Mason has faced a record number of phishing attacks in the past nine months. With high profile security breaches making headlines in the private and government sectors, Internet users have more reason than ever to tread carefully when it comes to personal information.
In the first half of 2015, Mason noted 84 fraudulent emails, up from a reported 67 attempts in 2014. New phishing attempts are reported on Blackboard for students to see, with the most recent examples posted September 2 and 4.
A few weeks ago, Mason’s IT staff sent out another warning, this time addressing those working in government offices, who are particularly susceptible to the attacks. Phishing, or the act of drawing a person’s personal and/or financial information by imitating legitimate businesses, often gets lumped into other Internet security issues, such as hacking and viruses, but phishing involves some action on the part of the user. For this reason, IT departments like Mason’s train Internet users to prevent personal or corporate loss.
Phishing deliberately misleads the consumer by drawing out information in false links and websites.

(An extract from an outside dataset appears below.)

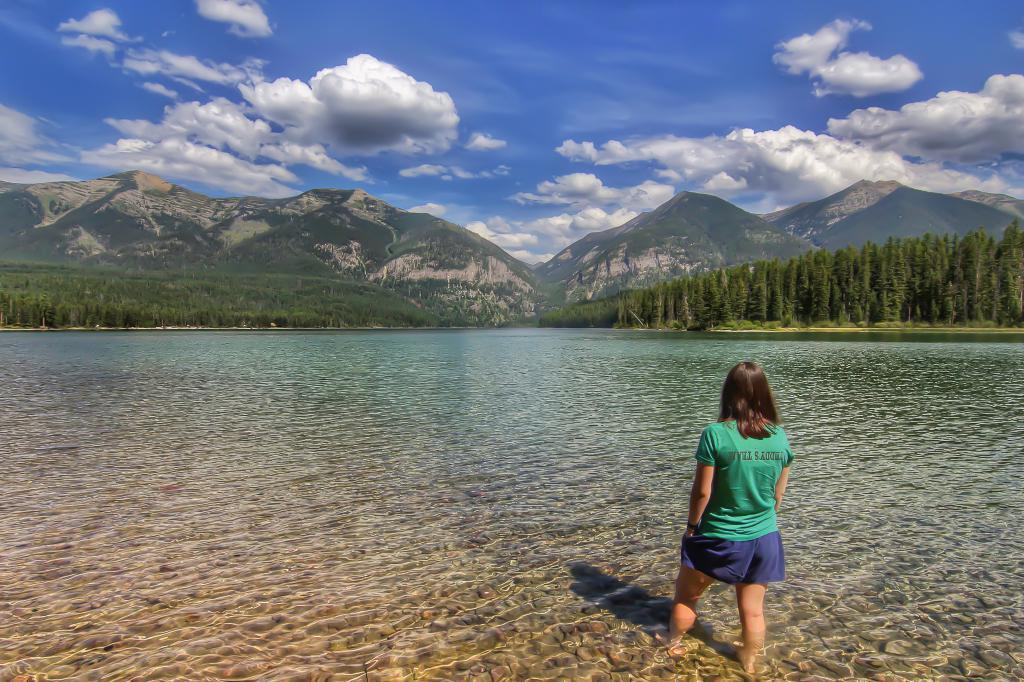What is the lady in the image doing? The lady is standing in the water. What can be seen in the background of the image? There are hills, trees, and the sky visible in the background of the image. What is present at the bottom of the image? There is water at the bottom of the image. What type of art is hanging on the gate in the image? There is no gate present in the image, so it is not possible to answer that question.

According to the security firm RSA, phishing netted $4.5 billion in losses for global organizations in 2014.
Though the Anti-Phishing Working Group reported that the overall number of institutions declined from the first half of the year (a record high of 756) to 569 the second half, Mason reports that individual strains of email are on the rise.

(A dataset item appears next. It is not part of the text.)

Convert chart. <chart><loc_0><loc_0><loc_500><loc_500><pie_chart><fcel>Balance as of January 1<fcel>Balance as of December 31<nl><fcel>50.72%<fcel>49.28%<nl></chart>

Many companies, especially financial institutions, will distribute information about the types of communication they use, with most companies explicitly stating they don’t attempt to collect users’ private information. Mason’s IT Security published a flyer with five steps to combat this specific security threat and says the number one way to prevent phishing attacks is “to be wary of requests for confidential information” such as your username and password.
The IRS asks users to report any phishing attempts directly to the IRS’s dedicated phishing team and all other attempts to the Anti-Phishing Working Group.
Elsewhere on the list, Mason IT urges students to question the validity of any email and verify all links before clicking. If there is any doubt as to the authenticity of a message, an individual may contact the institution directly through its official website or phone number.